Potting Bench From Recycled Furniture for $100, Cottage Core Style
We made a cottage-style potting bench from a junky futon and discarded baby gates. It has a steel top and dry sink with lots of storage. Check out the longer video for many more tips … the link is here.
Furniture recycling is both fun and money-saving, especially when you can make something as useful as this potting bench.
This work space will soon be wet and dirty … but the steel top will be easy to clean …
… and look great with vintage collectables.
Here's what the baby gates and futon looked like before their transformation.
The steel sheets used for the work top came from HomeDepot for $23 each. This was our biggest expense for this project. They needed a good cleaning when we brought then home from the store. We used Bar Keepers Friend™, Brillo™, and Windex™… and elbow grease.
By removing two slats in the futon, we could fit a steel hotel pan in the top to work as a dry sink. Pans like this come in many sizes at a reasonable price. This was $16 from WebRestaurantStore. We've seen them for even less on Amazon.
Once the hutch top is attached to the back of the work top, these steel pieces will slide underneath the and can be removed for cleaning. This works because the outside frame of the futon is slightly raised and the hutch is light weight.
Plain boards were used for six legs fastened to the inner frame of the futon. We used the roughest grade of lumber, leaving all holes, flaws, and knots adding to the rustic effect.
Taking apart the baby gates was the hardest step of this project. We used a bolt cutter and reciprocating saw to cut through the fasteners, and a jigsaw to make the outside profile square.
The plan was to make "L-shaped" legs in each corner, but since the baby gates fit perfectly, we tacked those to each end.
This worked out very well since we can hang tools on the gates with recycled curtain hooks.
We made side shelves and a back brace to stabilize the legs, and also glued rubber to the leg ends to make the table non-skid. Stripes were added to make the lumber look less chunky. The longer video explains how to paint stripes with no mess or touchups. It's an easy how-to.
We designed the hutch top in a drawing program called Affinity Design (about $50), but you can also do this on ordinary graph paper or other drawing program with a grid to help you calculate the measurements. Or … you can use a second-hand hutch top if it is light weight and can be safely attached on the back of the table — a must, especially if you have kids or cats.

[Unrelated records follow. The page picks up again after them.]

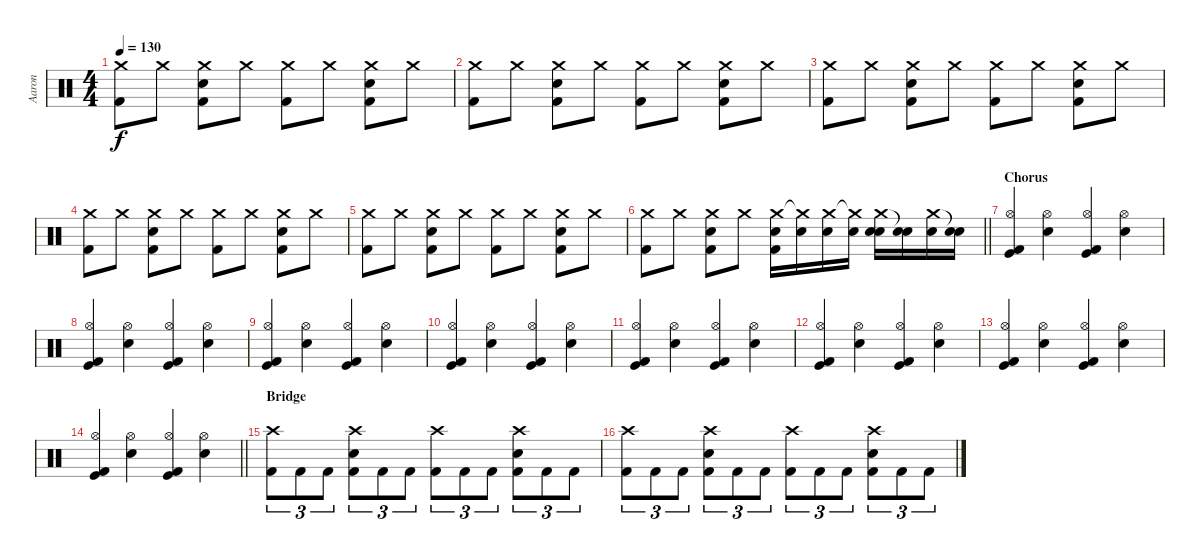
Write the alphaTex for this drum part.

\track ("Aaron" "Aaron") {instrument percussion}
\staff {score}
\articulation defaults
\ts (4 4)
\tempo 130
\clef neutral
\ks c
("Crash medium (hit)" "Kick (hit) 2").8{dy f} "Crash medium (hit)".8 ("Crash medium (hit)" "Snare (hit) 2" "Kick (hit) 2").8 "Crash medium (hit)".8 ("Crash medium (hit)" "Kick (hit) 2").8 "Crash medium (hit)".8 ("Crash medium (hit)" "Snare (hit) 2" "Kick (hit) 2").8 "Crash medium (hit)".8 |
("Crash medium (hit)" "Kick (hit) 2").8 "Crash medium (hit)".8 ("Crash medium (hit)" "Snare (hit) 2" "Kick (hit) 2").8 "Crash medium (hit)".8 ("Crash medium (hit)" "Kick (hit) 2").8 "Crash medium (hit)".8 ("Crash medium (hit)" "Snare (hit) 2" "Kick (hit) 2").8 "Crash medium (hit)".8 |
("Crash medium (hit)" "Kick (hit) 2").8 "Crash medium (hit)".8 ("Crash medium (hit)" "Snare (hit) 2" "Kick (hit) 2").8 "Crash medium (hit)".8 ("Crash medium (hit)" "Kick (hit) 2").8 "Crash medium (hit)".8 ("Crash medium (hit)" "Snare (hit) 2" "Kick (hit) 2").8 "Crash medium (hit)".8 |
("Crash medium (hit)" "Kick (hit) 2").8 "Crash medium (hit)".8 ("Crash medium (hit)" "Snare (hit) 2" "Kick (hit) 2").8 "Crash medium (hit)".8 ("Crash medium (hit)" "Kick (hit) 2").8 "Crash medium (hit)".8 ("Crash medium (hit)" "Snare (hit) 2" "Kick (hit) 2").8 "Crash medium (hit)".8 |
("Crash medium (hit)" "Kick (hit) 2").8 "Crash medium (hit)".8 ("Crash medium (hit)" "Snare (hit) 2" "Kick (hit) 2").8 "Crash medium (hit)".8 ("Crash medium (hit)" "Kick (hit) 2").8 "Crash medium (hit)".8 ("Crash medium (hit)" "Snare (hit) 2" "Kick (hit) 2").8 "Crash medium (hit)".8 |
\barLineRight lightlight
("Crash medium (hit)" "Kick (hit) 2").8 "Crash medium (hit)".8 ("Crash medium (hit)" "Snare (hit) 2" "Kick (hit) 2").8 "Crash medium (hit)".8 ("Crash medium (hit)" "Snare (hit) 2" "Kick (hit) 2").16 ("Crash medium (hit)"{t} "Snare (hit) 2").16 ("Crash medium (hit)" "Snare (hit) 2").16 ("Crash medium (hit)"{t} "Snare (hit) 2").16 ("Crash medium (hit)" "Snare (hit) 2" "Snare (hit) 2").16 ("Snare (hit)"{t} "Snare (hit) 2").16 ("Crash medium (hit)" "Snare (hit) 2").16 ("Snare (hit)"{t} "Snare (hit) 2").16 |
\section ("" "Chorus")
("Hi-Hat (open)" "Kick (hit)" "Kick (hit) 2").4 ("Hi-Hat (open)" "Snare (hit) 2").4 ("Hi-Hat (open)" "Kick (hit) 2" "Kick (hit)").4 ("Hi-Hat (open)" "Snare (hit) 2").4 |
("Hi-Hat (open)" "Kick (hit)" "Kick (hit) 2").4 ("Hi-Hat (open)" "Snare (hit) 2").4 ("Hi-Hat (open)" "Kick (hit) 2" "Kick (hit)").4 ("Hi-Hat (open)" "Snare (hit) 2").4 |
("Hi-Hat (open)" "Kick (hit)" "Kick (hit) 2").4 ("Hi-Hat (open)" "Snare (hit) 2").4 ("Hi-Hat (open)" "Kick (hit) 2" "Kick (hit)").4 ("Hi-Hat (open)" "Snare (hit) 2").4 |
("Hi-Hat (open)" "Kick (hit)" "Kick (hit) 2").4 ("Hi-Hat (open)" "Snare (hit) 2").4 ("Hi-Hat (open)" "Kick (hit) 2" "Kick (hit)").4 ("Hi-Hat (open)" "Snare (hit) 2").4 |
("Hi-Hat (open)" "Kick (hit)" "Kick (hit) 2").4 ("Hi-Hat (open)" "Snare (hit) 2").4 ("Hi-Hat (open)" "Kick (hit) 2" "Kick (hit)").4 ("Hi-Hat (open)" "Snare (hit) 2").4 |
("Hi-Hat (open)" "Kick (hit)" "Kick (hit) 2").4 ("Hi-Hat (open)" "Snare (hit) 2").4 ("Hi-Hat (open)" "Kick (hit) 2" "Kick (hit)").4 ("Hi-Hat (open)" "Snare (hit) 2").4 |
("Hi-Hat (open)" "Kick (hit)" "Kick (hit) 2").4 ("Hi-Hat (open)" "Snare (hit) 2").4 ("Hi-Hat (open)" "Kick (hit) 2" "Kick (hit)").4 ("Hi-Hat (open)" "Snare (hit) 2").4 |
\barLineRight lightlight
("Hi-Hat (open)" "Kick (hit)" "Kick (hit) 2").4 ("Hi-Hat (open)" "Snare (hit) 2").4 ("Hi-Hat (open)" "Kick (hit) 2" "Kick (hit)").4 ("Hi-Hat (open)" "Snare (hit) 2").4 |
\section ("" "Bridge")
("Crash high (hit)" "Kick (hit) 2").8{tu (3 2)} "Kick (hit) 2".8{tu (3 2)} "Kick (hit) 2".8{tu (3 2)} ("Crash high (hit)" "Kick (hit) 2" "Snare (hit) 2").8{tu (3 2)} "Kick (hit) 2".8{tu (3 2)} "Kick (hit) 2".8{tu (3 2)} ("Crash high (hit)" "Kick (hit) 2").8{tu (3 2)} "Kick (hit) 2".8{tu (3 2)} "Kick (hit) 2".8{tu (3 2)} ("Crash high (hit)" "Kick (hit) 2" "Snare (hit) 2").8{tu (3 2)} "Kick (hit) 2".8{tu (3 2)} "Kick (hit) 2".8{tu (3 2)} |
("Crash high (hit)" "Kick (hit) 2").8{tu (3 2)} "Kick (hit) 2".8{tu (3 2)} "Kick (hit) 2".8{tu (3 2)} ("Crash high (hit)" "Kick (hit) 2" "Snare (hit) 2").8{tu (3 2)} "Kick (hit) 2".8{tu (3 2)} "Kick (hit) 2".8{tu (3 2)} ("Crash high (hit)" "Kick (hit) 2").8{tu (3 2)} "Kick (hit) 2".8{tu (3 2)} "Kick (hit) 2".8{tu (3 2)} ("Crash high (hit)" "Kick (hit) 2" "Snare (hit) 2").8{tu (3 2)} "Kick (hit) 2".8{tu (3 2)} "Kick (hit) 2".8{tu (3 2)}

Our carpentry skills leave something to be desired, but this rustic style was a good way to practice. It helped to have a detailed plan.
The recycled pieces, like the hook rack at the top, gave the finished bench a very homespun quality.
More recycling … we made finials from curtain rods and children's wooden blocks to glue to the top.
Now we have a great place for drying herbs and flowers …
… room for garden tools and buckets …
… and a steel top for dirty work like planting seeds and trimming leaves.
This potting bench will not look clean for long . This post will help us remember it while it's tidy. The longer video link is at the top and more photos and tips, here.
I am in love with this project! For so long I have been wanting to make my own potting bench but I am always worried about outside elements ruining it. I like the idea of upcycling baby gates and using things around the house to personalize it to your own liking... One question, did you poly it to keep from the paint from peeling?
Thank you so much for sharing this beautiful idea with us! 🌸🌼🌺
It's cute but what is it called? Potting bench/patio desk/ knick-knack paddy-whack collection display shelf? Definitely a bold direction to take from an old baby gate.
Hi Stephanie, this came out beautifully and when I read that you PAINTED the faux brick wall there was such an audible gasp from me that my cats, and even the fish looked at me lol. The wall is gorgeous. Thank you for sharing such a lovely outcome for your projects. I hate doing this especially on a great outcome as your bench but do you think another shelf below the table space where the tin watering can and the other small metal cans sit would give you more space to store things?